Konuşmasına Başbakan Davutoğlu’nun görevden ayrılacağını açıklamasını değerlendirerek başlayan Sındır; “Başbakan Davutoğlu saray darbesi ile görevden ayrılmak zorunda bırakılmıştır. Bizim yıllardır dile getirdiğimiz, bu ülkede sivil darbe süreci yaşanıyor görüşümüz bir kere daha doğrulanmıştır. Bunu defalarca dile getirdik. Dün kaçak sarayda gerçekleşen görüşmeyle darbe fiilen gerçekleşti. Darbenin adı, ‘4 Mayıs Saray Darbesi’dir” dedi.
DAVUTOĞLU SARAY DARBESİNE BOYUN EĞMİŞTİR!

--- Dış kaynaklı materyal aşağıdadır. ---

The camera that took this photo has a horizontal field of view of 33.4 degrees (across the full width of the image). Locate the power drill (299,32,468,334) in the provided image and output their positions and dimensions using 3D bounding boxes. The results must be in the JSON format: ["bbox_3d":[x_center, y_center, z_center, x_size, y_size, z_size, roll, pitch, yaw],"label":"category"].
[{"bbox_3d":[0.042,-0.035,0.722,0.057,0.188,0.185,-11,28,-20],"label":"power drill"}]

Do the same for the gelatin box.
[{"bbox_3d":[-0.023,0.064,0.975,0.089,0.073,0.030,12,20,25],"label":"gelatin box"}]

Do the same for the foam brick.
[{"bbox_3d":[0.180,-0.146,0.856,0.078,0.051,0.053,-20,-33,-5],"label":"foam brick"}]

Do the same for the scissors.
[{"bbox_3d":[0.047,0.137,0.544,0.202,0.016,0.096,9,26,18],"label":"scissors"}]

Sayın Davutoğlu’nun bir kişinin dayatmasıyla koltuğundan ayrılmak zorunda kaldığını dile getiren Sındır; “O bir kişi, 4 Mayıs’ta Saray Darbesi’ni gerçekleştiren kişidir. O bir kişi, ülkesinin demokrasisini değil, kendi “tek adam” yönetimini düşünen ve planlayan kişidir. Sayın Davutoğlu üzülerek ifade edeyim ki 4 Mayıs Saray Darbesi’ne boyun eğerek dikta yönetimine zemin hazırlamıştır. Kendisinden beklenen, milyonlarca yurttaşın oyu ile seçilmiş bir siyasetçi olarak kendisini o göreve getiren milli iradeye sahip çıkmasıydı. Dolayısıyla kişisel kararı ile istifa etmeye hakkının da olmadığını düşünüyorum. Bu makama beni millet getirir ve ancak yine millet götürür diyebilmesiydi” dedi. Sındır ayrıca, “AKP’de Tüzük değişikliği mi oldu da Genel Başkanları Davutoğlu istifasının onay merci olarak Cumhurbaşkanı’nı seçmiştir” sorusunu yöneltti.

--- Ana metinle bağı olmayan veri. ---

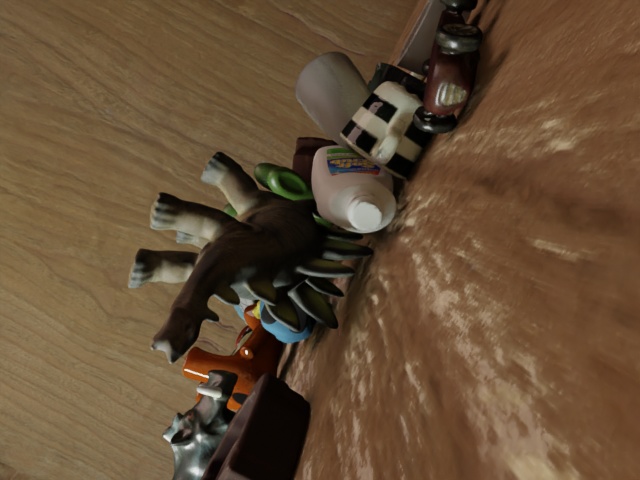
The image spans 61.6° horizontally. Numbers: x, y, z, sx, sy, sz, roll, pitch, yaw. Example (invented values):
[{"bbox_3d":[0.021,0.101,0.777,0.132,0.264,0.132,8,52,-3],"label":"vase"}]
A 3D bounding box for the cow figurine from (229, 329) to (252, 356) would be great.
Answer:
[{"bbox_3d":[-0.134,0.228,0.958,0.194,0.085,0.127,-59,6,32],"label":"cow figurine"}]

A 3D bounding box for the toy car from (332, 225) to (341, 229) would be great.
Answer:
[{"bbox_3d":[-0.002,-0.003,0.995,0.201,0.056,0.073,123,167,-66],"label":"toy car"}]

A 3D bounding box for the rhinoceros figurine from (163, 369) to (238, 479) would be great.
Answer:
[{"bbox_3d":[-0.128,0.246,0.616,0.073,0.112,0.190,129,160,-80],"label":"rhinoceros figurine"}]

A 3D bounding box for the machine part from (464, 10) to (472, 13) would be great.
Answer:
[{"bbox_3d":[0.191,-0.330,0.504,0.243,0.079,0.079,-58,7,47],"label":"machine part"}]

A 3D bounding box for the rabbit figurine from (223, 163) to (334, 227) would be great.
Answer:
[{"bbox_3d":[-0.055,-0.038,0.797,0.170,0.158,0.121,-29,24,-20],"label":"rabbit figurine"}]

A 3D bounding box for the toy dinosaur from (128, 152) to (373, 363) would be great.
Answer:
[{"bbox_3d":[-0.050,0.000,0.570,0.105,0.199,0.471,-62,2,23],"label":"toy dinosaur"}]

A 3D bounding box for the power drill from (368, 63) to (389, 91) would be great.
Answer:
[{"bbox_3d":[0.102,-0.225,1.017,0.232,0.086,0.207,123,166,-77],"label":"power drill"}]

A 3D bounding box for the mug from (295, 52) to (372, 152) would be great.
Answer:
[{"bbox_3d":[0.028,-0.155,0.659,0.081,0.107,0.109,-25,-27,-11],"label":"mug"}]

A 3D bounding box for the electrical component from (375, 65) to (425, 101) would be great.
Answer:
[{"bbox_3d":[0.102,-0.177,0.664,0.119,0.075,0.048,117,178,-72],"label":"electrical component"}]

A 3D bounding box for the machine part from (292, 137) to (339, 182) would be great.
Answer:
[{"bbox_3d":[-0.009,-0.114,1.135,0.201,0.087,0.201,-66,-17,-79],"label":"machine part"}]

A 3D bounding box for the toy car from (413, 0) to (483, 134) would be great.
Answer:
[{"bbox_3d":[0.126,-0.175,0.513,0.202,0.053,0.089,-68,-12,-53],"label":"toy car"}]

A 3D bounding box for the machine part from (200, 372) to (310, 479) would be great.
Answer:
[{"bbox_3d":[-0.069,0.212,0.484,0.179,0.056,0.179,-61,4,7],"label":"machine part"}]

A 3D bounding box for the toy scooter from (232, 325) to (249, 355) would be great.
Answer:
[{"bbox_3d":[-0.108,0.171,1.066,0.183,0.075,0.135,-54,9,45],"label":"toy scooter"}]

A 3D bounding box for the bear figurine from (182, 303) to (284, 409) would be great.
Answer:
[{"bbox_3d":[-0.099,0.142,0.787,0.120,0.132,0.196,83,-163,-48],"label":"bear figurine"}]

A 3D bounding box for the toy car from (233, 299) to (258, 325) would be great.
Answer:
[{"bbox_3d":[-0.104,0.080,0.890,0.103,0.109,0.161,-134,29,-65],"label":"toy car"}]

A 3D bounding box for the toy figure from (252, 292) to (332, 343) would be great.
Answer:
[{"bbox_3d":[-0.032,0.082,0.672,0.089,0.082,0.180,-45,-6,-9],"label":"toy figure"}]

DAVUTOĞLU’NUN YERİNE KİM GEÇECEK?
Bundan sonra Davutoğlu’nun yerine seçilecek kişinin de en az Davutoğlu’nun görevi bırakmaya zorlanması kadar önem taşıdığını belirten Sındır şöyle dedi: “Bir başka partinin içişleri üzerine yorum yapmak, AKP’nin kendi işleyişine karışmak istemem ancak, konu bizzat Cumhurbaşkanı tarafından yürütüldüğü ayan beyan ortada. Milletin birliği temsil eden, bütün partilere ve siyasi görüşlere eşit mesafede olacağı Anayasa’da belirtilen, göreve başlarken de bu ilkeler doğrultusunda yemin eden bir Cumhurbaşkanı böyle bir işin içine giriyorsa bize de bir şeyler söyleme hakkı doğuyor demektir. Cumhurbaşkanı’nın telkiniyle AKP’nin başına ve dolayısıyla Başbakanlığa damadı ve Enerji Bakanı Berat Albayrak'ın getirilmesi durumunda Türkiye’de artık parlamenter demokrasinin yerini “Monarşi/Hanedan” yönetim biçimini almış demektir. Gerçi bu saray darbesinden sonra o göreve bir başkası getirilse de bunun adı “Otokrasi”dir.”
SORUNUN ÇÖZÜMÜ, MUTABAKATIN ADRESİ MECLİS’TİR!
Konuşmasında terör, basın özgürlüğü ve yargı bağımsızlığına da değinen Sındır sözlerini şöyle tamamladı: “Tek adam modeliyle hukuk devleti olunamayacağını yaşadıklarımızla görüyoruz. Yargının bağımsız olmadığı, basının özgür olmadığı bir yerde vatandaşın özgürlüğünden söz edilemez. Hukuk devletinden ve demokrasiden söz edilemez. Bugün terör belasından hemen her gün Anadolu’nun bir evine, bir baba ocağına ateş düşüyor. Gencecik çocuklarımız şehit düşüyor. Ülkemizin bir yanı yangın yeri, terör belası ile baş başa. İnsanlarımız tuzaklanmış yollarda, kazılmış hendeklerle evlerinde hapse mahkum edilmiş bir durumda hayatta kalma mücadelesi vermeye çalışıyor. Dün Oslo’da Kandil’de ve İmralı’da çare arayan hükümet, sorunun çözüm adresinin Meclis olduğunu görmüyor. Görmek istemiyor. Oysa Meclis’imiz, her kökenden insanlarımızın millet çatısı altında kardeşçe yaşamalarının güvencesidir. Sorunun çözümü, mutabakatı Meclis’tir.”